Five interesting facts you might not know about Ireland

As Ireland recorded a record year in tourism in 2013 due to the outstanding promotion of “The Gathering”. The highest proportion of visitors originated from the United States, and following on from The Gathering, 2014 is still expected to see high numbers of American tourists to the Emerald Isle. 

Ireland is a top tourist destination for people all over the world but seems to be a favourite of our American cousins. Due to the large Irish community present in the United States it is not surprising that they take advantage of the many flight routes across the Atlantic to enjoy a vacation in Ireland and to sample the Irish culture.

Irish People are renowned worldwide for the friendly and social nature and always up for the ‘craic’. So before visiting the Land of Blarney here are a few tips and interesting facts that might help you while you soak up the full Irish experience and mingling with the locals in one of Ireland’s many cozy traditional bars.

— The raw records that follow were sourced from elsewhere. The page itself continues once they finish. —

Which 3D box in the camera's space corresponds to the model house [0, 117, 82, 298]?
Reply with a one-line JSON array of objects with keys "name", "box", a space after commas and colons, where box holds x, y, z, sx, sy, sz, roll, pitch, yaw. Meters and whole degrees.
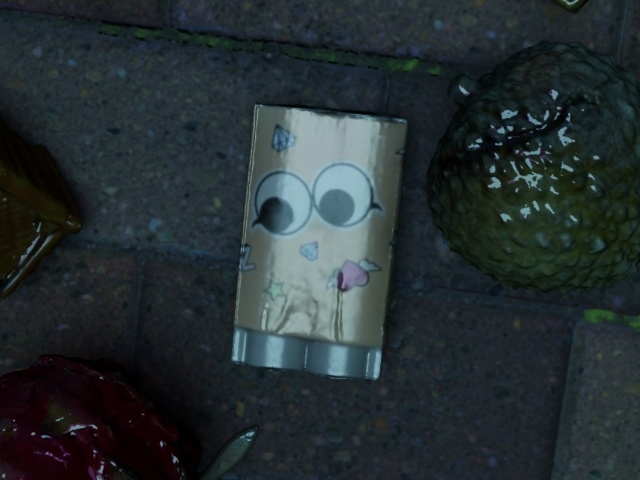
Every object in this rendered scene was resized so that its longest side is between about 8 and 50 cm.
[{"name": "model house", "box": [-0.402, -0.059, 1.437, 0.229, 0.199, 0.219, -13, 136, -30]}]

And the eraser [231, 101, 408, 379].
[{"name": "eraser", "box": [0.000, 0.000, 1.435, 0.171, 0.087, 0.290, 7, 99, 7]}]

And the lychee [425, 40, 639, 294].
[{"name": "lychee", "box": [0.231, -0.070, 1.315, 0.274, 0.255, 0.255, 45, 101, -7]}]

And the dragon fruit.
[{"name": "dragon fruit", "box": [-0.280, 0.277, 1.401, 0.329, 0.329, 0.329, 1, 99, 6]}]

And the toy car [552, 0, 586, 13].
[{"name": "toy car", "box": [0.189, -0.341, 1.348, 0.257, 0.124, 0.101, 38, 101, 9]}]

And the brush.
[{"name": "brush", "box": [-0.138, 0.288, 1.528, 0.070, 0.021, 0.196, 42, 100, -3]}]
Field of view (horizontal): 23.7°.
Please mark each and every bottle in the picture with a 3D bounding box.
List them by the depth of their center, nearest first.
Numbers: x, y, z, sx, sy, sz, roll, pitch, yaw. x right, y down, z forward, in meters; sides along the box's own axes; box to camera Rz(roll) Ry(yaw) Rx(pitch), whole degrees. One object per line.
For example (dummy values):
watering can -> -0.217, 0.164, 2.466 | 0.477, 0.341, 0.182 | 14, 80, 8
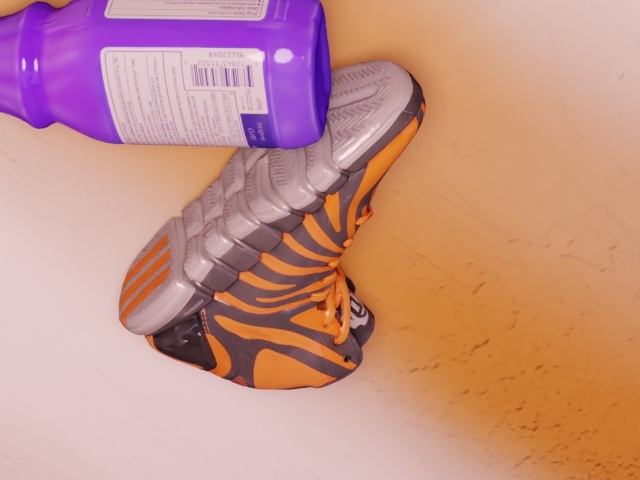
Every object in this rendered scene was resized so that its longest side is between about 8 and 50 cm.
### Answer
bottle -> -0.136, -0.126, 1.108 | 0.282, 0.092, 0.118 | 2, 140, 9

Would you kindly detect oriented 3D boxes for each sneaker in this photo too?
sneaker -> 0.000, 0.000, 1.222 | 0.180, 0.125, 0.321 | 34, 122, -28
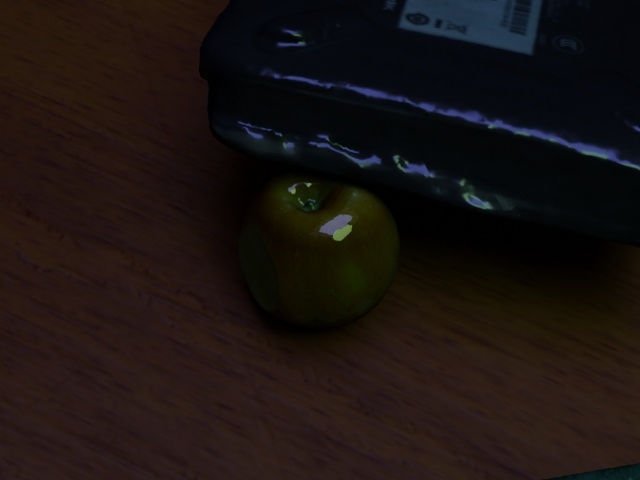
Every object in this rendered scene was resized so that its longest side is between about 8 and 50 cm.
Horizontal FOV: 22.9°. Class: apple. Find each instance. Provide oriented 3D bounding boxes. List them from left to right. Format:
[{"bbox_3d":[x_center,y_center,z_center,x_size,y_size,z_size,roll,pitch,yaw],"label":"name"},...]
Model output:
[{"bbox_3d":[0.000,0.000,1.060,0.099,0.102,0.114,-18,52,-20],"label":"apple"}]

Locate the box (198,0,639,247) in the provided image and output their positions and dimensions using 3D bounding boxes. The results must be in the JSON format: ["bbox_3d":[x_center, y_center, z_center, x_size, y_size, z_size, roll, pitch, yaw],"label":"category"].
[{"bbox_3d":[0.113,-0.140,1.143,0.350,0.091,0.359,15,34,5],"label":"box"}]

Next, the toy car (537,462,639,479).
[{"bbox_3d":[0.086,0.204,0.903,0.320,0.097,0.141,-7,51,-14],"label":"toy car"}]
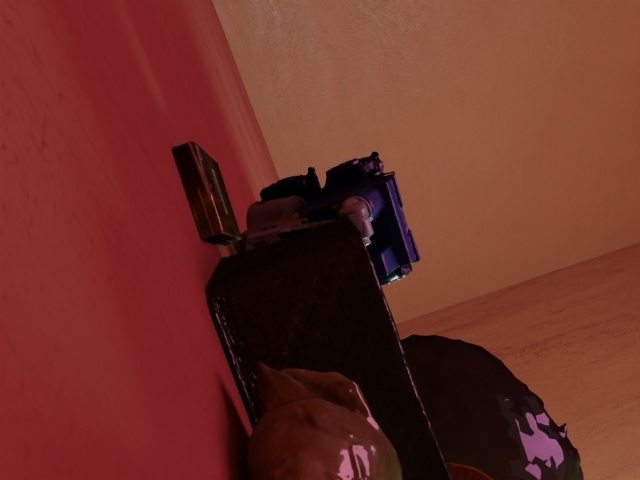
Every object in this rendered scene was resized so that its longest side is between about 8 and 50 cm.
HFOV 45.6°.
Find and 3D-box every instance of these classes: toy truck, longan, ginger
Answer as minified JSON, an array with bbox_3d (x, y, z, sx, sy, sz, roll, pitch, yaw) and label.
[{"bbox_3d":[0.000,0.000,0.896,0.177,0.213,0.161,-35,109,-60],"label":"toy truck"},{"bbox_3d":[0.226,0.373,1.248,0.404,0.404,0.435,-106,180,-77],"label":"longan"},{"bbox_3d":[-0.002,0.197,0.541,0.122,0.115,0.193,-64,147,-58],"label":"ginger"}]

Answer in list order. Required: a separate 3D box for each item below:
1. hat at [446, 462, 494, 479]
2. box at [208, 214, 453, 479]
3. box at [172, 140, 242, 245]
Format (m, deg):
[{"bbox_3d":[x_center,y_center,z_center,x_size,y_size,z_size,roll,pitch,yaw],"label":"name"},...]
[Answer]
[{"bbox_3d":[0.063,0.320,0.825,0.233,0.233,0.244,32,17,-44],"label":"hat"},{"bbox_3d":[0.012,0.130,0.710,0.184,0.143,0.273,-104,174,-82],"label":"box"},{"bbox_3d":[-0.108,-0.042,0.748,0.133,0.023,0.090,53,17,-87],"label":"box"}]
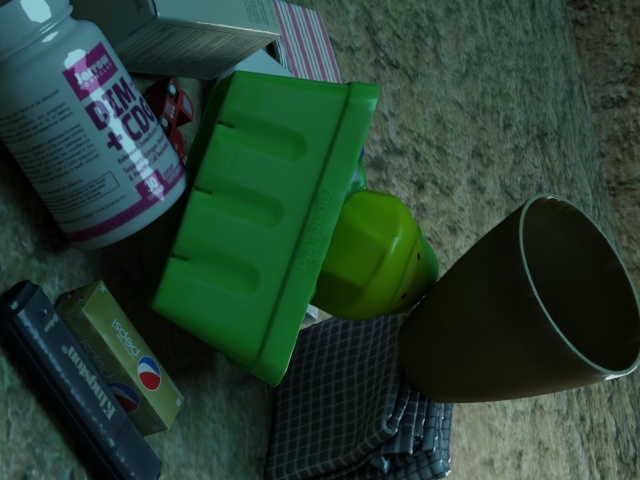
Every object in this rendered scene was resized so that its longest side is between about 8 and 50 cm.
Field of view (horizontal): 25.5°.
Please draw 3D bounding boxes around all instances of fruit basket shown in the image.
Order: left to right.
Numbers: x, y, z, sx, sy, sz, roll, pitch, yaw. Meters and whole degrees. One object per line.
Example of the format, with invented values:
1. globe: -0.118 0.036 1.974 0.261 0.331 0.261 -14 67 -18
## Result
1. fruit basket: 0.000 0.000 1.712 0.283 0.392 0.392 180 -112 -77

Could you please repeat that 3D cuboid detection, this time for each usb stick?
1. usb stick: -0.261 0.169 1.540 0.278 0.045 0.077 59 35 -20

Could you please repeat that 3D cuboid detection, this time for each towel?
1. towel: -0.031 -0.310 2.279 0.197 0.029 0.144 0 73 -63
2. towel: 0.050 0.209 1.877 0.121 0.235 0.283 46 35 -32

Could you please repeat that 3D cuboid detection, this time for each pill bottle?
1. pill bottle: -0.282 -0.144 1.576 0.283 0.160 0.160 59 30 -21

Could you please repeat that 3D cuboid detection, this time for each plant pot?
1. plant pot: 0.227 0.101 1.751 0.237 0.254 0.237 29 46 -35

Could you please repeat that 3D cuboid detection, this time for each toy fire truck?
1. toy fire truck: -0.187 -0.105 1.844 0.135 0.047 0.192 48 34 -37

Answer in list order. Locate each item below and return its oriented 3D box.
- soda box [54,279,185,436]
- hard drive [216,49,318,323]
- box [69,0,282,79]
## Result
1. soda box: -0.231 0.136 1.597 0.181 0.061 0.058 58 31 -23
2. hard drive: -0.073 -0.085 2.003 0.233 0.047 0.353 34 51 -48
3. box: -0.189 -0.297 1.809 0.232 0.148 0.127 -1 70 -51
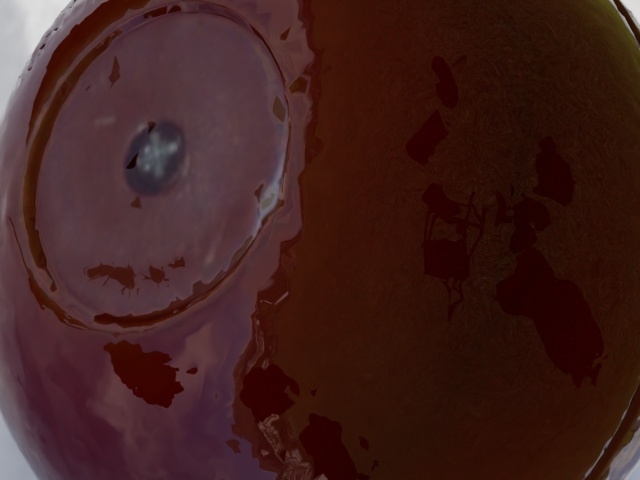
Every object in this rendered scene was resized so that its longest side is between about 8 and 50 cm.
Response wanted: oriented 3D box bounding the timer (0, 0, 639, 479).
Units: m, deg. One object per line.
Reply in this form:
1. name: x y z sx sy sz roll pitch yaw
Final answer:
1. timer: 0.000 0.000 0.609 0.279 0.378 0.378 21 -117 -53
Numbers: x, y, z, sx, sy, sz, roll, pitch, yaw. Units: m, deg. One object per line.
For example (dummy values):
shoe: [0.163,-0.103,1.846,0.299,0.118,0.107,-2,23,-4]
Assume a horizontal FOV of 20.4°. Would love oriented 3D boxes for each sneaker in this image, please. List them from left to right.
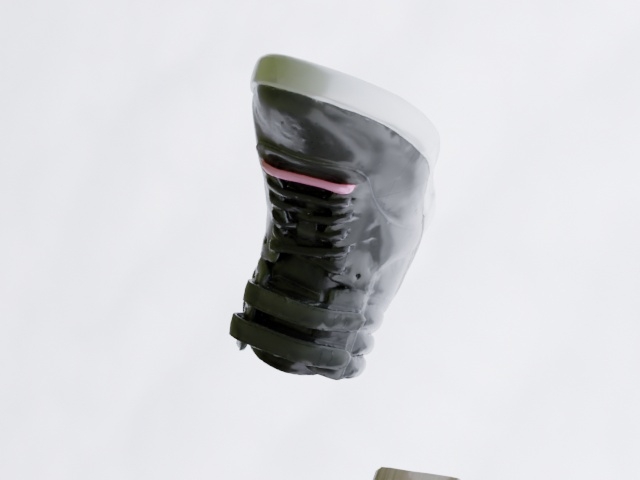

An Irish man founded the Argentinian Navy

Irishman William Brown (known in Spanish as “Guillermo Brown”) is one of Argentina’s national heroes. He is commonly known as the “father of the Argentine navy” and was an important leader in the Argentinian struggle for independence from Spain.

Brown’s family left Foxford in Co. Mayo for Philadelphia in 1786 when he was nine years old. He led an adventurous early life: he fought in the Napoleonic wars, was taken as a prisoner-of-war, escaped to Germany before somehow ending up in Uruguay, where he became a sea trader. He then founded the Argentinian navy, when it was at war with Spain.

Guillermo Brown pictured in 1865 (courtesy of the Biblioteca Nacional de la República Argentina)

Today there is a statute of Brown in his home town of Foxford, Co. Mayo, which was unveiled in 2007 on the 150th anniversary of his death. In Argentina, there are 1,200 streets, 500 statues, two towns, one city and a few football clubs named after him.

Only two members of U2 were born in Ireland

David Howell Evans, more commonly known as The Edge, was born in London, to Welsh parents. Garvin and Gwenda Evans moved to Malahide in Dublin when The Edge was aged just one. Adam Clayton, U2’s bassist, was born in Oxfordshire, England. His family moved to Malahide in Dublin when he was fve, and he soon became friends with The Edge.
Only Bono and Larry Mullen Jr. were actually born in Ireland.

A Belfast hospital is a world leader in kneecap reconstruction

The Royal Victoria Hospital in Belfast had one of the top trauma units in Europe. At one point as many as 100 victims of “limb executions” were being treated by the hospital every year, whose advances included external “limb scaffolding” that enables partial healing for bone damage too severe for reconstruction.

Ireland has the fourth largest stadium in Europe

Dublin’s Croke Park, the headquarters of the Gaelic Athletic Association, is the fourth largest stadium in Europe. The 82,300-capacity stadium was redeveloped in 2005 and is now the fourth largest: only Camp Nou in Barcelona, Wembley in England, and Olimpiysky in the Ukraine, are bigger.

Croke Park in Dublin

Rugby and soccer were banned from the stadium up until 2007 because of a long-standing rule banning “foreign” games. The rule was relaxed when the country’s main soccer and rugby stadium, Lansdowne Road, was closed for redevelopment.

In the summer of 2007, it rained in Ireland for 40 days straight

Even by Irish standards, 2007 was a wet summer. By August 24th, it had rained in Ireland for 40 days – fulfilling an old Irish proverb that says it will rain for 40 days if it rains on St. Swithin’s day (July 15th). The rain usually takes a break in the summer for a couple of weeks and the rare sunshine sends the country pure mad!

Bringing up these facts with fellow Irish men will see you soon drawn into the whole experience of Ireland and you will enter into a sacred bond of talking away into the early hours. Beware for spontaneous breakouts of bellowing Irish singing of traditional Irish folk songs around an open fire while sipping a pint of the most traditional drink of all the Black Stuff… Guinness.